What Is an Emergency Medical Technician?
So, you are thinking about a career as an emergency medical technician (EMT) or paramedic.
Well, that’s awesome!
The question is, do you have what it takes?
Keep reading to find out more…
If you are interested in becoming an emergency medical technician, you are in good company. According to the Bureau of Labor Statistics, the workforce is made up of 248,000 EMTs and paramedics in the United States.
So, is there any room left for you?
And the answer is yes.
Employment of emergency medical technicians is projected to grow by 15% percent from 2016 to 2026, much faster than the average for all occupations.
Growth will occur for a number of reasons.
Emergencies, such as car crashes, natural disasters, and acts of violence, will continue to require the skills of EMTs and paramedics. The need for volunteer EMTs and paramedics in rural areas and smaller metropolitan areas will also continue.
Growth in the middle-aged and older population will lead to an increase in age-related health emergencies, such as heart attacks and strokes. This increase, in turn, will create a higher demand for EMT and paramedic services. An increase in the number of specialized medical facilities will require more EMTs and paramedics to transfer patients with specific conditions to these facilities for treatment.
Who is becoming an emergency medical technician?
According to bostonglobe.com, the emergency medical technicians and paramedics workforce is 35.7% female and 64.3% female.
What personal qualities and characteristics make a good EMT and paramedic?
According to the Bureau of Labor Statistics, the following qualities are important to have as an EMT and paramedic:
- Compassion.

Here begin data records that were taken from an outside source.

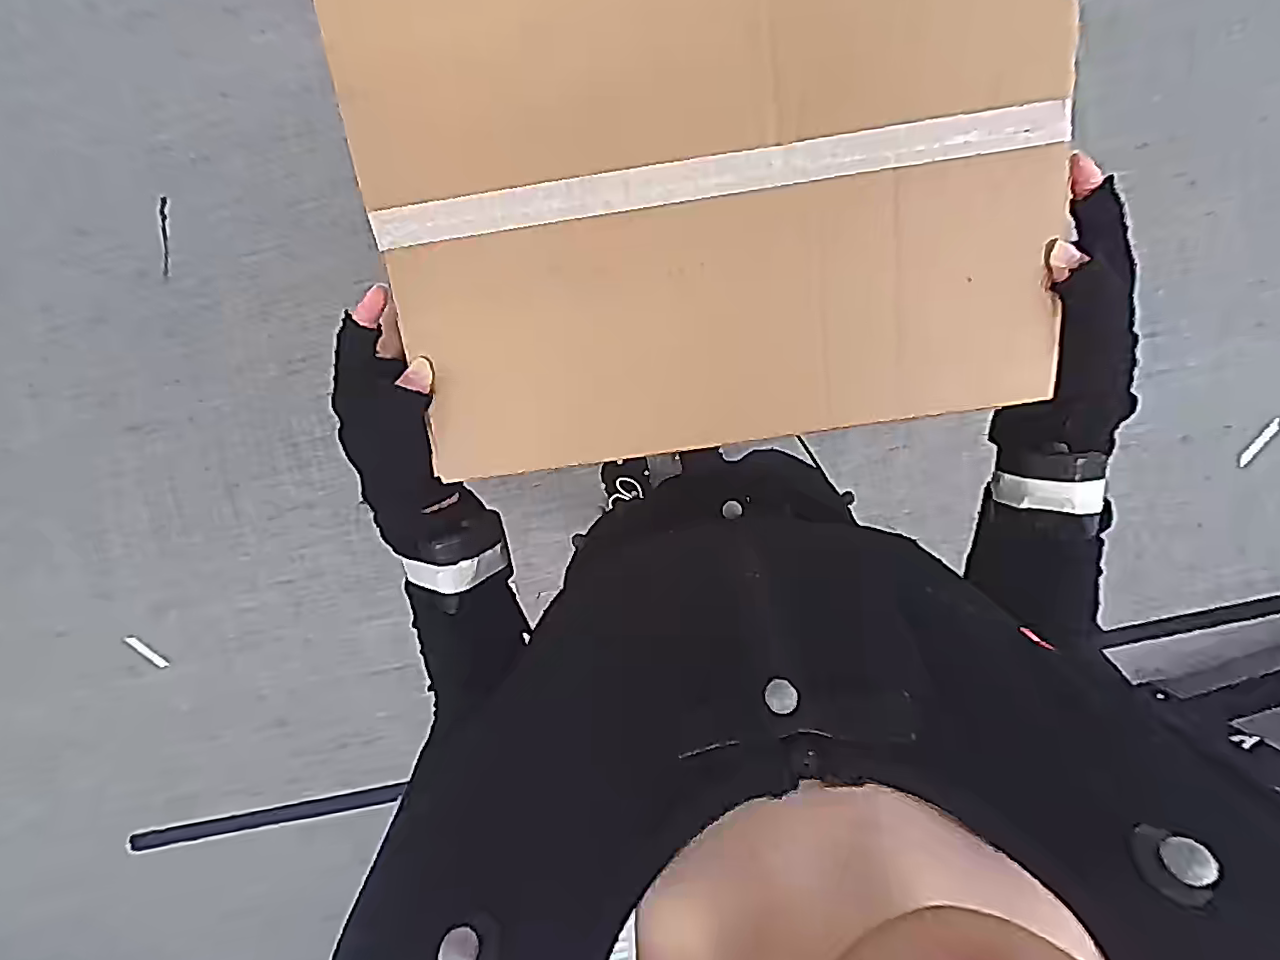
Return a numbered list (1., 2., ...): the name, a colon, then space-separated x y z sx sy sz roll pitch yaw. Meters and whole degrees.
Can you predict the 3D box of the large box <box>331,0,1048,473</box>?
1. large box: 0.039 -0.217 0.472 0.408 0.320 0.320 -8 106 2
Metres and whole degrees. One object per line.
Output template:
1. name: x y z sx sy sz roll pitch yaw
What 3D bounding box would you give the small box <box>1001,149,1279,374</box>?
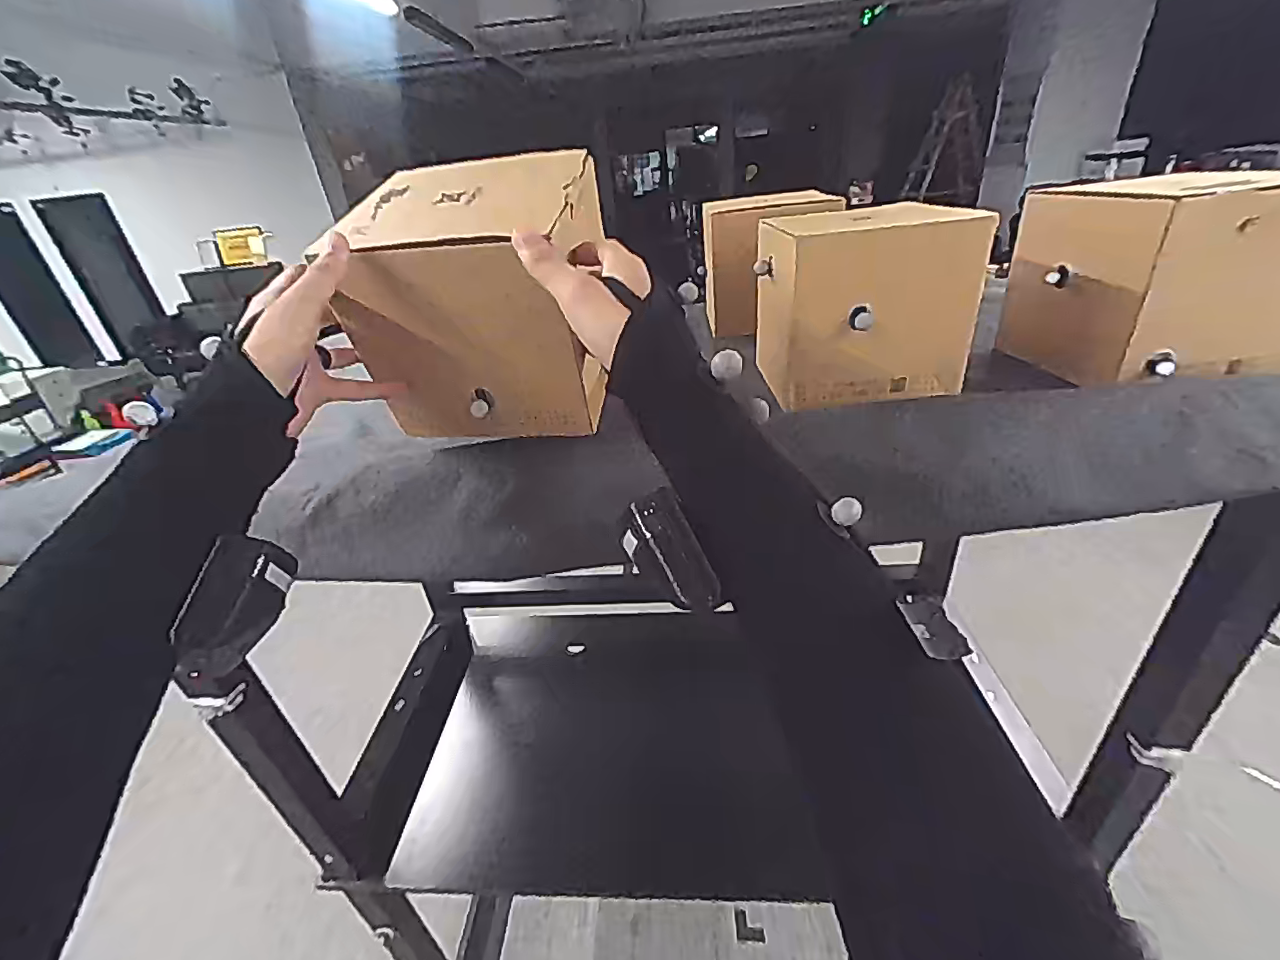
1. small box: 0.489 -0.205 0.515 0.168 0.176 0.179 -7 29 1

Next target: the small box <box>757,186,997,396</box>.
1. small box: 0.216 -0.189 0.546 0.168 0.176 0.179 -5 29 3

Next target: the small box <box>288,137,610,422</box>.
1. small box: -0.127 -0.160 0.449 0.179 0.176 0.168 0 46 9

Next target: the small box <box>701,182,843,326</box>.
1. small box: 0.185 -0.332 0.795 0.179 0.176 0.168 -3 31 5

EMTs and paramedics must be able to provide emotional support to patients in an emergency, especially patients who are in life-threatening situations or extreme mental distress.
- Interpersonal skills. EMTs and paramedics usually work on teams and must be able to coordinate their activities closely with others in stressful situations.
- Listening skills. EMTs and paramedics need to listen to patients to determine the extent of their injuries or illnesses.
- Physical strength. EMTs and paramedics need to be physically fit. Their job requires a lot of bending, lifting, and kneeling.
- Problem-solving skills. EMTs and paramedics must evaluate patients’ symptoms and administer appropriate treatments.
- Speaking skills. EMTs and paramedics need to clearly explain procedures to patients, give orders, and relay information to others.
The bottom line: If becoming an EMT or paramedic is something you feel passionately about, the one word of advice we will give you is: Go for it!